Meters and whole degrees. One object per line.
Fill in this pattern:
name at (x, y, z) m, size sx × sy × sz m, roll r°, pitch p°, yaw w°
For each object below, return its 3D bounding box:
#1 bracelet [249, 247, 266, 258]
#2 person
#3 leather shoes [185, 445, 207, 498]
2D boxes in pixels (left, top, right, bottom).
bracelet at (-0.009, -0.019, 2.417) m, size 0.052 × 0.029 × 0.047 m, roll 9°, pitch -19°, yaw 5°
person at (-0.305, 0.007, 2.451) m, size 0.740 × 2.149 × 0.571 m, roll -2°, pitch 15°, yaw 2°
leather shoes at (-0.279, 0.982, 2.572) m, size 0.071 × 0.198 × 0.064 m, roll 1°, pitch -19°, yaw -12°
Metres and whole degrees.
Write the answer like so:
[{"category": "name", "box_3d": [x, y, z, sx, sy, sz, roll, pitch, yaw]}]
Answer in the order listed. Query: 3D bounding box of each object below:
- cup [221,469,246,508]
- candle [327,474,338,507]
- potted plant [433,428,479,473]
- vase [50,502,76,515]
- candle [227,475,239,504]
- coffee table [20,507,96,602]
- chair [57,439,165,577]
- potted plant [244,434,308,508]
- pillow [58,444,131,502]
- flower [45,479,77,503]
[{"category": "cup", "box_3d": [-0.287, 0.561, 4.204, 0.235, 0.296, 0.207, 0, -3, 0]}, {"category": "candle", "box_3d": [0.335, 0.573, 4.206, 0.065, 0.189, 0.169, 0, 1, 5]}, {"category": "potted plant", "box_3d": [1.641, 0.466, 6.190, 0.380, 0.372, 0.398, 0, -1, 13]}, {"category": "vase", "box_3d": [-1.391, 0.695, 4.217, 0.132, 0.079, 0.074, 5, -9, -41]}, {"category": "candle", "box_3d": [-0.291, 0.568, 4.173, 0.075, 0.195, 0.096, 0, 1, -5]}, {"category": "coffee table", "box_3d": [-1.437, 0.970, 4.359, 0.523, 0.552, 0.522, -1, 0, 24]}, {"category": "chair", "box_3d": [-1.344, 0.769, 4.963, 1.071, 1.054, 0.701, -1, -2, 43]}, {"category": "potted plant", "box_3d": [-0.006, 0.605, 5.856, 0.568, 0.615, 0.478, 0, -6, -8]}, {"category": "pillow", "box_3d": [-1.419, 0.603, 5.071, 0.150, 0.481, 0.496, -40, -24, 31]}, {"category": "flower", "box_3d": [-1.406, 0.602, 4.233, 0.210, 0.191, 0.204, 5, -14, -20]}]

-=-=-=-=-

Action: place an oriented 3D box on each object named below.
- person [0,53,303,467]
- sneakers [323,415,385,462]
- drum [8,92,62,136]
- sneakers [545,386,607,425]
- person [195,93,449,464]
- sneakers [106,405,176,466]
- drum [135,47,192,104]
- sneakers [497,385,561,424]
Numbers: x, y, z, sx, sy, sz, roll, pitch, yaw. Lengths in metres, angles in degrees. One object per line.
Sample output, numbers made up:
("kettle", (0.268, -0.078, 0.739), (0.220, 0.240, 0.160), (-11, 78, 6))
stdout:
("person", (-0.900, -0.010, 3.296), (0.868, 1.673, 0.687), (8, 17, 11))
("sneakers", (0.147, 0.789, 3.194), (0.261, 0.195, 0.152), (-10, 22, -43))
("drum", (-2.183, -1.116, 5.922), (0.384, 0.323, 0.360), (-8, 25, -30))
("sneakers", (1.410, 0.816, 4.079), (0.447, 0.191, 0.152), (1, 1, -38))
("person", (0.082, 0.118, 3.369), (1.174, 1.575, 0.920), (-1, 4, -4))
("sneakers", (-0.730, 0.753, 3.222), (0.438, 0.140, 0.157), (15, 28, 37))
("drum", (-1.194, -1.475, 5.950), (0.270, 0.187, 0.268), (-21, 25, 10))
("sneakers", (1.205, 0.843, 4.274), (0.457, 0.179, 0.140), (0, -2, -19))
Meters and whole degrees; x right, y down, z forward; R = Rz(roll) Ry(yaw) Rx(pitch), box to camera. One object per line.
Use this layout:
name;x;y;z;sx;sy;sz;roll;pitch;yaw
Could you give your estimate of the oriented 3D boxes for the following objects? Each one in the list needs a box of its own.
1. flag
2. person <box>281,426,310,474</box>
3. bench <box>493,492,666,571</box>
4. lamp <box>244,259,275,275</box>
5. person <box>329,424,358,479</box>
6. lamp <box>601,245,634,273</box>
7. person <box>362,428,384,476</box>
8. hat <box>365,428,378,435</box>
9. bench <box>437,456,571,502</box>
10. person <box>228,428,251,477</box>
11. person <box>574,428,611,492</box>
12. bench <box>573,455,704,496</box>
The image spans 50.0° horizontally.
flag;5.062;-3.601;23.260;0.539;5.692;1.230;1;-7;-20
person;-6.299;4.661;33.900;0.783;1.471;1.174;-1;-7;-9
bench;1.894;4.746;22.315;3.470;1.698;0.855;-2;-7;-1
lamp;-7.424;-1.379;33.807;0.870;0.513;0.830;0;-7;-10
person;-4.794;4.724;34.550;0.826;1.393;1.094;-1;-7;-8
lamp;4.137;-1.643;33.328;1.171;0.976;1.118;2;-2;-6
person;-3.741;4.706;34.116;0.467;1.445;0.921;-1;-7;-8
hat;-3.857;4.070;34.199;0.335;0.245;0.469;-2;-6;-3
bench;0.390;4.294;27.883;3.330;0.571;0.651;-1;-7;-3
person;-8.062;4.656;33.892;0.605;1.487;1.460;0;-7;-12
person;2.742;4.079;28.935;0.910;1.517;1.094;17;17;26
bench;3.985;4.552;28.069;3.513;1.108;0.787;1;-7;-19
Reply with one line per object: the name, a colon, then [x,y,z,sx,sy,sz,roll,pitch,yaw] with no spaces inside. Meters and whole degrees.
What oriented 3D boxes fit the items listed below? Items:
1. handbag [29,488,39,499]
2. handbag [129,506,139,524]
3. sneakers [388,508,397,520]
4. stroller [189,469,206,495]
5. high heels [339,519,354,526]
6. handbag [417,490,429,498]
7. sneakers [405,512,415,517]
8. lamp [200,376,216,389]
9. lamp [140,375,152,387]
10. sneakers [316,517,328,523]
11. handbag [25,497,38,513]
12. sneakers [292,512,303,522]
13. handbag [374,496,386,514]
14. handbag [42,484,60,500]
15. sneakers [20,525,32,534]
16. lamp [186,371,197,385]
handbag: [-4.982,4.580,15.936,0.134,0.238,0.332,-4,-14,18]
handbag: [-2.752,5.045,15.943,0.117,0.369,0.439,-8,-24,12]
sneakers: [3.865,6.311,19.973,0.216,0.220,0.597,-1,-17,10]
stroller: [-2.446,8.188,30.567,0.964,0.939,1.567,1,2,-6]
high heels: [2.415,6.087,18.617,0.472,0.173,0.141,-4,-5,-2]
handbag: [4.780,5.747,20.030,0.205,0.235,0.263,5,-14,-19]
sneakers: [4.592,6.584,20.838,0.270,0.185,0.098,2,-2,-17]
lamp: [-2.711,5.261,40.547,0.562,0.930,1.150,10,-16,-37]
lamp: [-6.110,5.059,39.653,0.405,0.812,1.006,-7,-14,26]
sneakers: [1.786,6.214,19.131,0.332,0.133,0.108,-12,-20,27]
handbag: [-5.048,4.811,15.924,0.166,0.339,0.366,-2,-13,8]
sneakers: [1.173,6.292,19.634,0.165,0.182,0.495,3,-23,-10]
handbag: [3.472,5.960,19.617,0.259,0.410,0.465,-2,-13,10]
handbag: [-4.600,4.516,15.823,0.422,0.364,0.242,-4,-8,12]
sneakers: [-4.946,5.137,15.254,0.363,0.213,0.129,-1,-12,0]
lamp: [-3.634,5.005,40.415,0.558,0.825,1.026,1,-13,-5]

-=-=-=-=-

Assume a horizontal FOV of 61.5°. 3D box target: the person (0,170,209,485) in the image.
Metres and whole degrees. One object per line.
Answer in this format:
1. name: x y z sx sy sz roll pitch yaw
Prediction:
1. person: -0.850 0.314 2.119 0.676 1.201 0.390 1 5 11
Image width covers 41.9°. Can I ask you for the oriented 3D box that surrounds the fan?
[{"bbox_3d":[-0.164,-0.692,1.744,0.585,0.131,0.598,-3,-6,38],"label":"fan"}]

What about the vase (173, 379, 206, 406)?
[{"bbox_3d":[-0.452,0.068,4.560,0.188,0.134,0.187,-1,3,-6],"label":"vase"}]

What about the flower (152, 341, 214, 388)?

-=-=-=-=-

If a line in the data above holds the word "bounding", count it; give only the total.

◆ **WRITTEN RESPONSE**: 2